In the case of State v. Chemical Co., 71 S.C. 544, 51 S.E., 455, this Court held that the statute must be construed as intending that the contract, etc., therein mentioned were unlawful and against public policy only when made with a view to lessen or which tend to lessen full and free competition to an unreasonable extent. We are asked to review that case, and after careful consideration we adhere to the principle announced. A construction of the statute which would make obnoxious every contract which tends in any measure to affect the cost or price of articles to the producer or consumer, or to lessen in any degree full and free competition, would probably render the statute liable to the objection that it unnecessarily and unreasonably abridges the freedom of contract guaranteed by the State and Federal Constitutions. It is true the right to make contracts is not absolute and unlimited, but is subject to valid police regulations having reasonable relation to the public welfare; but otherwise the right of contract must be unfettered. The construction adopted gives the statute valid operation, having due regard on one hand to the right of contract and on the other to the police power. The legislative purpose was not to destroy the right to make those contracts in partial restraint of trade which the just and equitable principles of the common law had long upheld, but it was to destroy trusts and combinations designed, or having natural tendency, or potentiality, to create a virtual monopoly. The title of the original act of 1897, 22 Stat., 438, and amendatory act of 1898, 22 Stat., 782, shows that its purpose was "to prohibit trusts and combinations and to provide penalties." No doubt the act was passed in pursuance of sec. 13, art. 9, of the Constitution, which provides that "the General Assembly shall enact laws to prevent all trusts, combinations, contracts and agreements against the public welfare, etc."
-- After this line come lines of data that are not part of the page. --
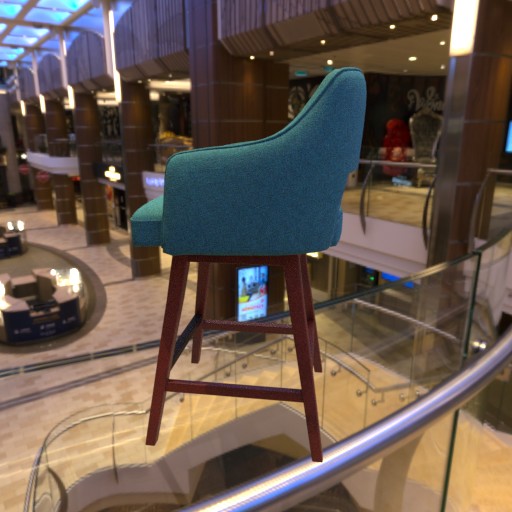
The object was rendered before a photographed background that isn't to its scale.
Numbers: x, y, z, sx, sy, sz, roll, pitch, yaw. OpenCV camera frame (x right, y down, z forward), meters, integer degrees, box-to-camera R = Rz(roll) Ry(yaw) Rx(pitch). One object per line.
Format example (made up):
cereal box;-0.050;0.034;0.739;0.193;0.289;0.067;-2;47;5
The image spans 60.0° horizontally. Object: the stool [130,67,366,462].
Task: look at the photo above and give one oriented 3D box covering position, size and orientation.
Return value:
stool;0.000;0.000;1.264;0.556;0.961;0.548;2;16;8
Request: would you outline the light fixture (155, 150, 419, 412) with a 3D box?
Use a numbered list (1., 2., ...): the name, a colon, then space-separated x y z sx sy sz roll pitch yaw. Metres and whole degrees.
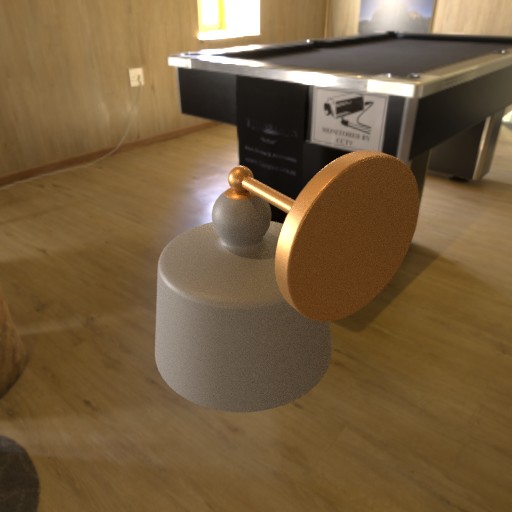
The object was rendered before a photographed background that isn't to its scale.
1. light fixture: 0.000 0.000 0.434 0.204 0.268 0.254 -19 36 -29
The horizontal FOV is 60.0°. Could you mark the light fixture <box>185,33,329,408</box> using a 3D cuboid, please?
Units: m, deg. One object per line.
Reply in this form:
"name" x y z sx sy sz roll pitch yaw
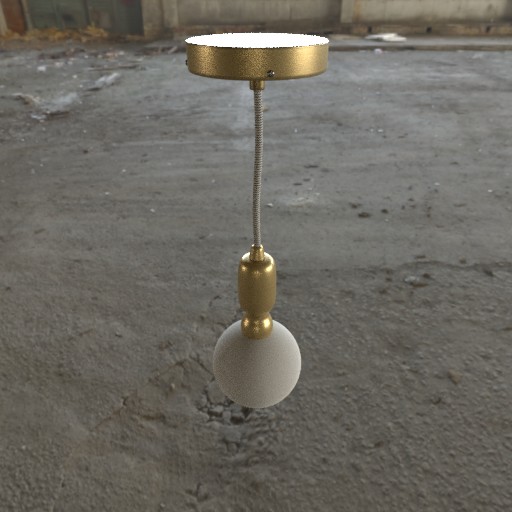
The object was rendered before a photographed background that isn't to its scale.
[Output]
"light fixture" 0.000 0.000 0.578 0.146 0.510 0.147 0 31 0
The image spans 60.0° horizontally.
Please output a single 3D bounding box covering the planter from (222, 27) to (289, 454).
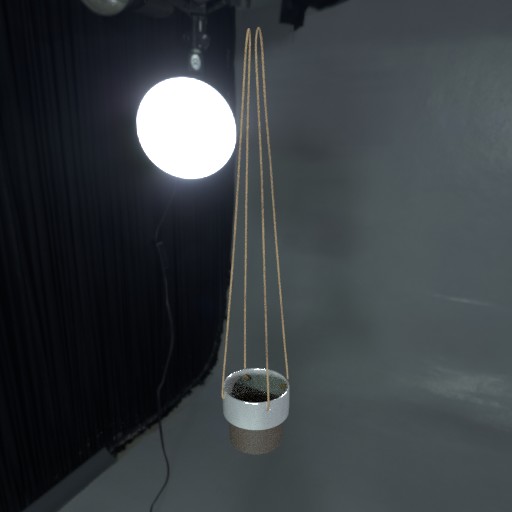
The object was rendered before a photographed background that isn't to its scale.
[{"bbox_3d":[0.000,0.000,1.141,0.187,1.073,0.187,7,16,24],"label":"planter"}]
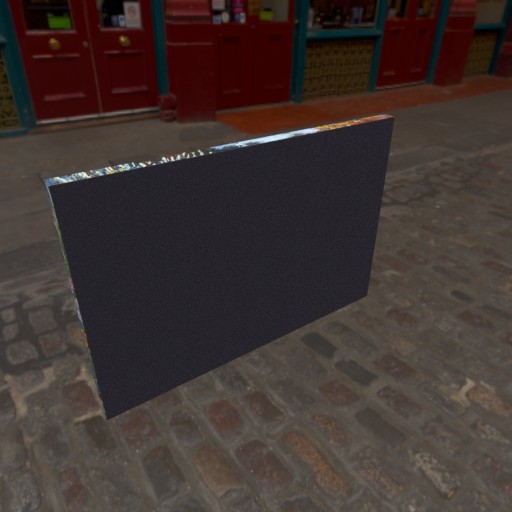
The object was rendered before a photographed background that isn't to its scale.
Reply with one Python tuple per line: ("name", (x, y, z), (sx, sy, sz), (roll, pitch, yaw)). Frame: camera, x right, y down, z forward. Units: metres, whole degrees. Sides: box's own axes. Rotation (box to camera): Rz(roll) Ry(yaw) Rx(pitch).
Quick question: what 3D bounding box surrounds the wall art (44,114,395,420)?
("wall art", (0.000, 0.000, 1.162), (0.908, 0.604, 0.037), (-19, 35, -30))
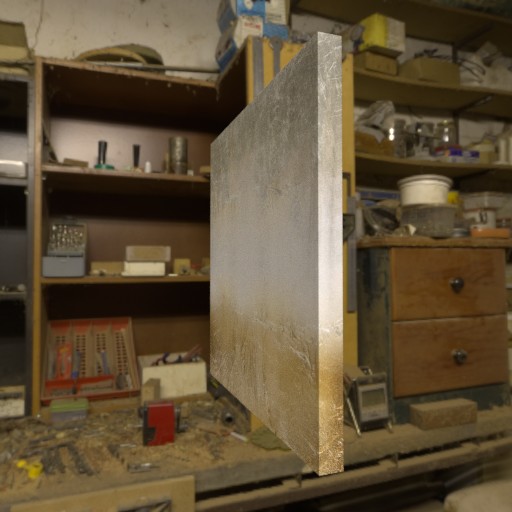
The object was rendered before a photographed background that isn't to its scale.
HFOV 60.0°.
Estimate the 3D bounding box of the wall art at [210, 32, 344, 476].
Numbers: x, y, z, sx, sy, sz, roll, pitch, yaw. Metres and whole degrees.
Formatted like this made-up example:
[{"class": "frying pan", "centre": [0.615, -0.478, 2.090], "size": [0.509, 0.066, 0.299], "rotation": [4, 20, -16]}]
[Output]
[{"class": "wall art", "centre": [0.000, 0.000, 0.901], "size": [0.038, 0.610, 0.610], "rotation": [0, -1, -20]}]
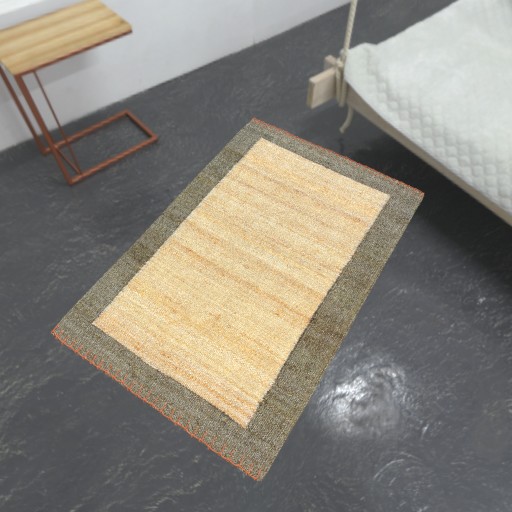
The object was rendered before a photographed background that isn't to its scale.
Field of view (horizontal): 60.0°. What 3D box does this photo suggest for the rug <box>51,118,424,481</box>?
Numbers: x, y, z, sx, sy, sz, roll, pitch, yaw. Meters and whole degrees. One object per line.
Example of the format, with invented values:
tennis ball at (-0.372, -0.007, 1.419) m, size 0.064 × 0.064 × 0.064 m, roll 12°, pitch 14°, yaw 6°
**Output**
rug at (0.000, 0.000, 2.380) m, size 1.220 × 0.019 × 1.838 m, roll 28°, pitch 62°, yaw 17°
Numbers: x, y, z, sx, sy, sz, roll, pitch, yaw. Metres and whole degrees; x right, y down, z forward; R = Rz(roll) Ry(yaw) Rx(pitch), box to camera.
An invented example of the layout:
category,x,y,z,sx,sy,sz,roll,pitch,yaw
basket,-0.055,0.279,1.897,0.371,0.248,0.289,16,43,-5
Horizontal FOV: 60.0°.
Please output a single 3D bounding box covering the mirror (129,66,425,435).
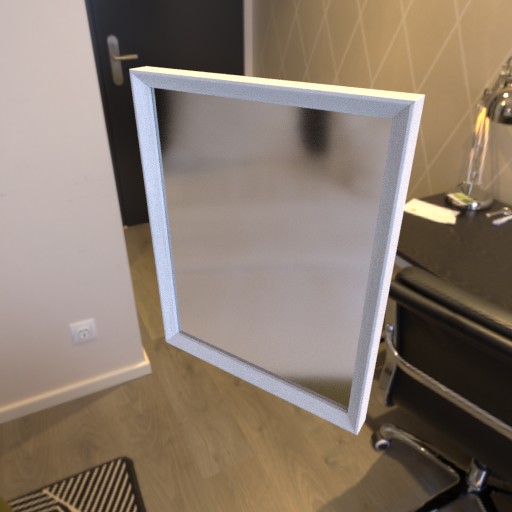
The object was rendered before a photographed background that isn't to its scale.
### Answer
category,x,y,z,sx,sy,sz,roll,pitch,yaw
mirror,0.000,0.000,0.680,0.406,0.509,0.041,18,35,28
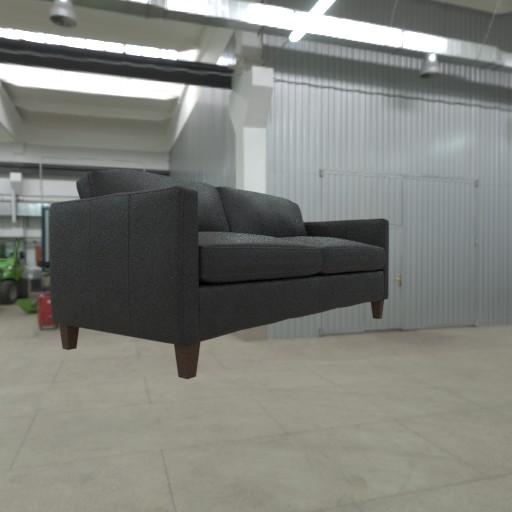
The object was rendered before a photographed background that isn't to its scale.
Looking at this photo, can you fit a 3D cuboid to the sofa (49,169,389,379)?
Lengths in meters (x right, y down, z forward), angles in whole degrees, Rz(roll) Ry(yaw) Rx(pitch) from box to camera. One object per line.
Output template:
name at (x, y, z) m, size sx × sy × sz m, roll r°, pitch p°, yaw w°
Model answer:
sofa at (0.000, 0.000, 2.540) m, size 0.933 × 0.863 × 1.971 m, roll 0°, pitch 1°, yaw 37°
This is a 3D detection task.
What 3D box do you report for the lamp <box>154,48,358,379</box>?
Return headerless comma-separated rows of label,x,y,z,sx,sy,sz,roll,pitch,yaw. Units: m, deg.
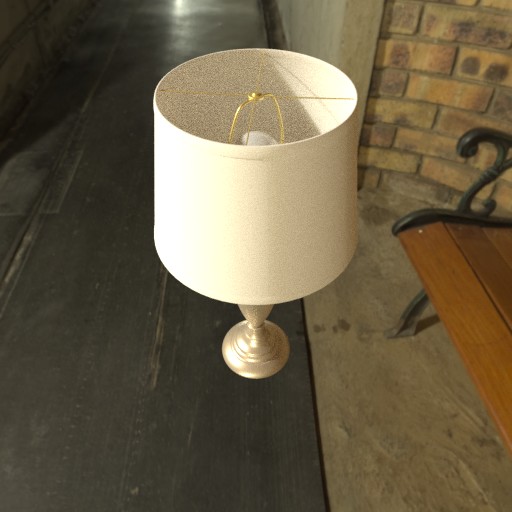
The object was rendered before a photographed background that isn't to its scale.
lamp,0.000,0.000,0.781,0.328,0.612,0.328,0,47,0
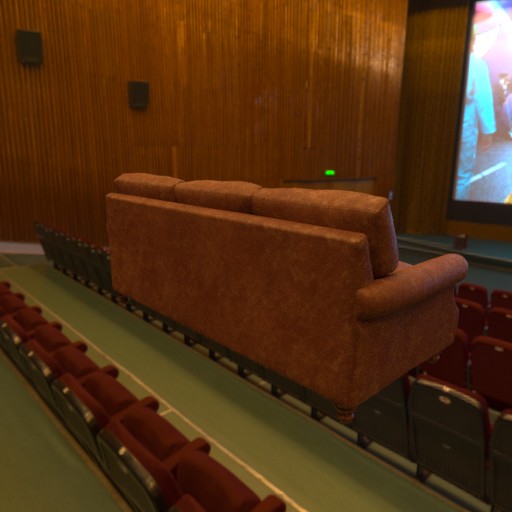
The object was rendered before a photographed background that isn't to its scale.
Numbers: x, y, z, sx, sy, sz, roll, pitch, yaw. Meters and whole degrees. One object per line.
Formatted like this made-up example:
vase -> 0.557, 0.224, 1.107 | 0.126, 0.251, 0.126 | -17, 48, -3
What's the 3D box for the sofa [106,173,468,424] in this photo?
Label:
sofa -> 0.000, 0.000, 2.794 | 0.973, 0.977, 2.351 | -13, 19, -41
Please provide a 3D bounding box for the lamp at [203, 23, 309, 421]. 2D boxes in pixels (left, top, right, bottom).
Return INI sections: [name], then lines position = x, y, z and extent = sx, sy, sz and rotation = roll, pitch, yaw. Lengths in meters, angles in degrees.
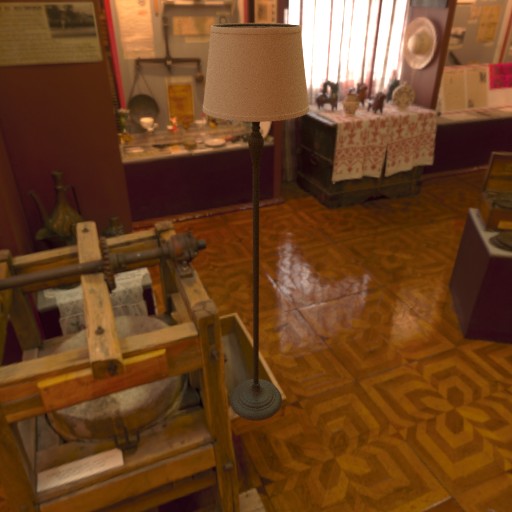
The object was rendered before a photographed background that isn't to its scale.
[lamp]
position = 0.000, 0.000, 1.630
extent = 0.327, 1.506, 0.327
rotation = -11, 32, -18

A monopoly, as now understood, "embraces any combination the tendency of which is to prevent competition in its broad and general sense and to control prices to the detriment of the public." 20 Ency. of Law, 846. "A trust has been defined as a contract, combination, confederation or understanding, express or implied, between two or more persons to control the price of a commodity or service for the benefit of the parties thereto and to the injury of the public, and which tends to create a monopoly. More accurately, perhaps it is, the entity resulting from the contract, etc., just described." 20 Ency. Law, 846. These are the contracts, trusts and combinations, monopolistic in purpose, tendency or potentiality, which the statute seeks to prohibit under penalties. In determining whether a particular contract falls within the inhibition of the statute, the Court must necessarily consider the tendency or power of the contract to injure the public, either considered in itself or as part of a scheme to destroy or impede competition and control supply and prices. A contract may be lawful in itself as an isolated matter but yet be unlawful as a part of a scheme to create a virtual monopoly. The immediate effect of a trust or combination may be really beneficial to the public in improving the quality of the goods or service and reducing the price, yet if it has inherent capability or natural tendency to injure the public, then competition is stifled and control of supply and prices secured, it is obnoxious to the statute. Every case, however, alleged to fall within the statute must be controlled by its own peculiar facts and circumstances, and we will not attempt to state any hard and fast rule by which every case must be governed. The main general test should be whether the contract, trust or combination is monopolistic in purpose or natural tendency. If so, it unreasonably affects competition and prices to the detriment of the public and is obnoxious to the statute.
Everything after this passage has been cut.